▼▼▼
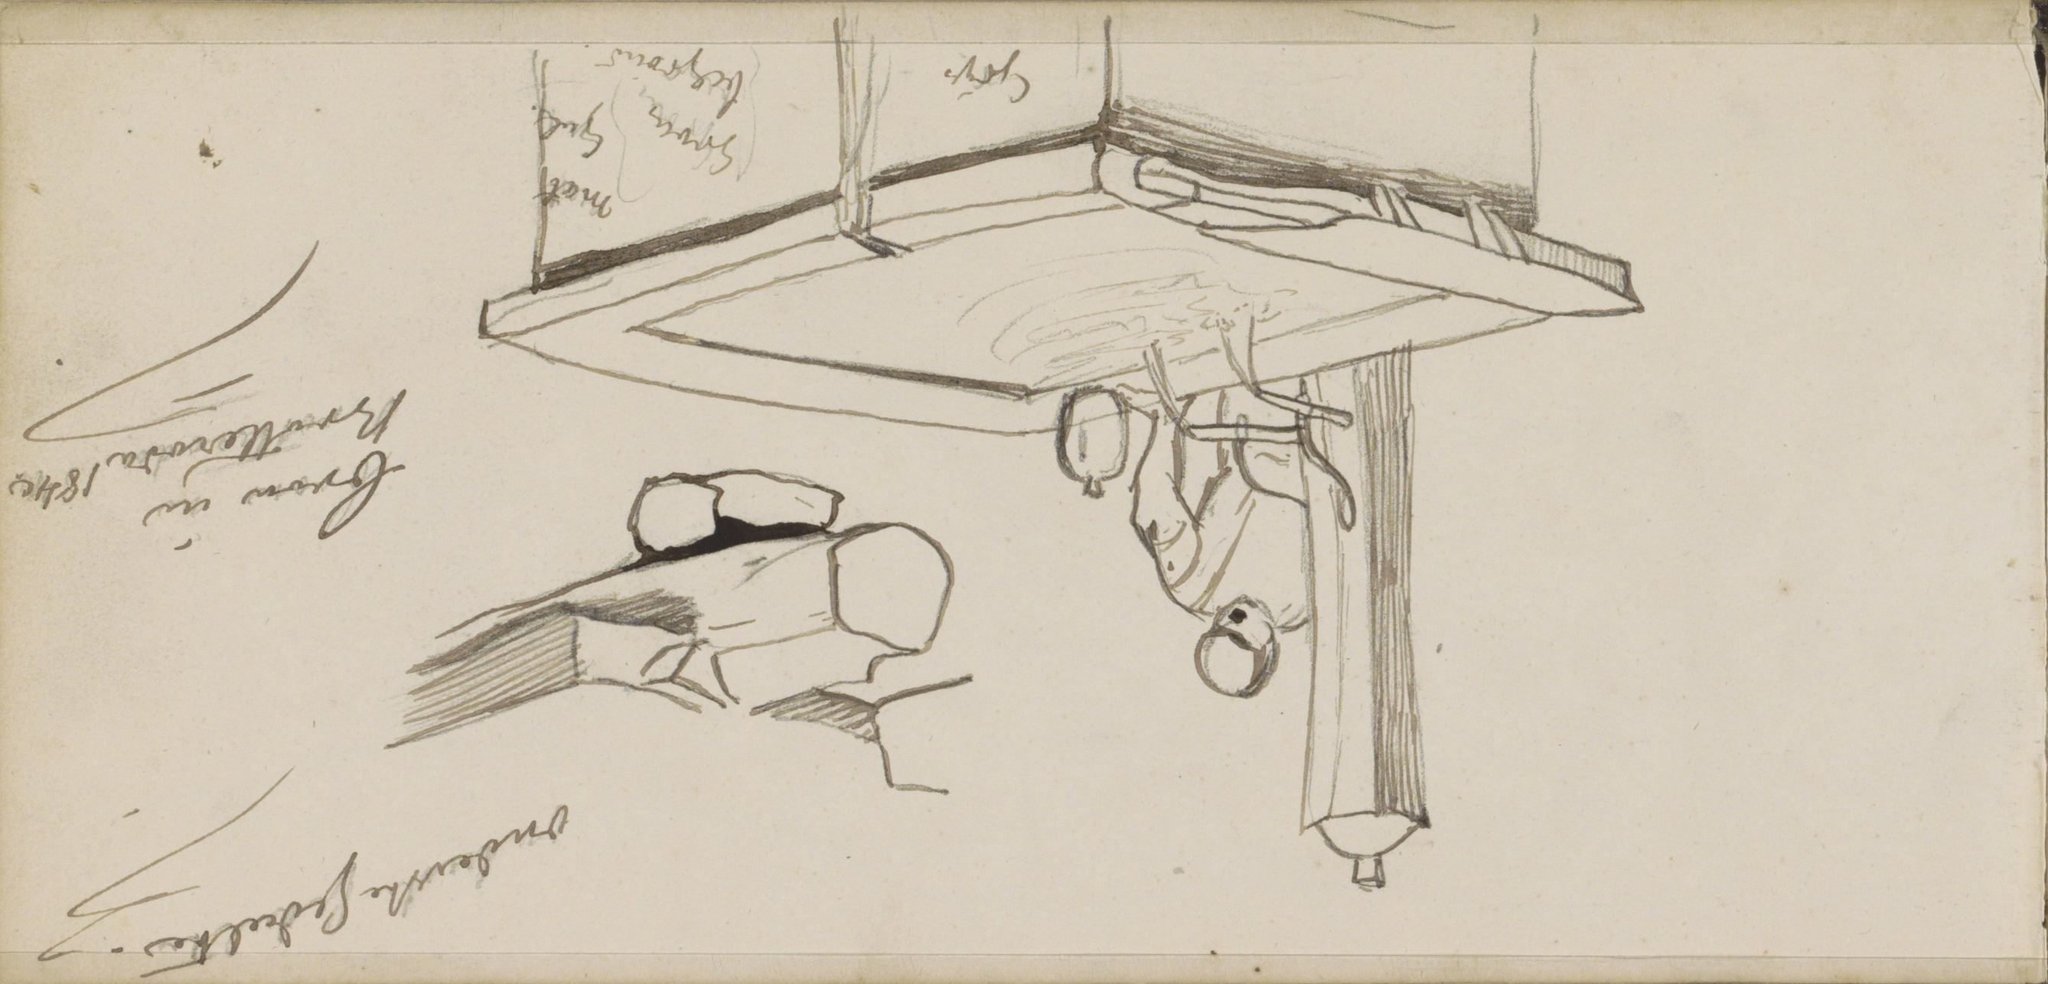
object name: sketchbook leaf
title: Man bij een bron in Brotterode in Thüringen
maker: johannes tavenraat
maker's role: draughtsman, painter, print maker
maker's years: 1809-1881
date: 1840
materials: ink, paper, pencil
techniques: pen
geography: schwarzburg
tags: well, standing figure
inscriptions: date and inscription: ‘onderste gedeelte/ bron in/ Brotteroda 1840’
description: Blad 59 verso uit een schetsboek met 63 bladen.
▲▲▲
Exercise directions: In the material above, find the line with "title: Man bij"; then retype it and every line after it through the last, exactly as written.

Result of this task:
title: Man bij een bron in Brotterode in Thüringen
maker: johannes tavenraat
maker's role: draughtsman, painter, print maker
maker's years: 1809-1881
date: 1840
materials: ink, paper, pencil
techniques: pen
geography: schwarzburg
tags: well, standing figure
inscriptions: date and inscription: ‘onderste gedeelte/ bron in/ Brotteroda 1840’
description: Blad 59 verso uit een schetsboek met 63 bladen.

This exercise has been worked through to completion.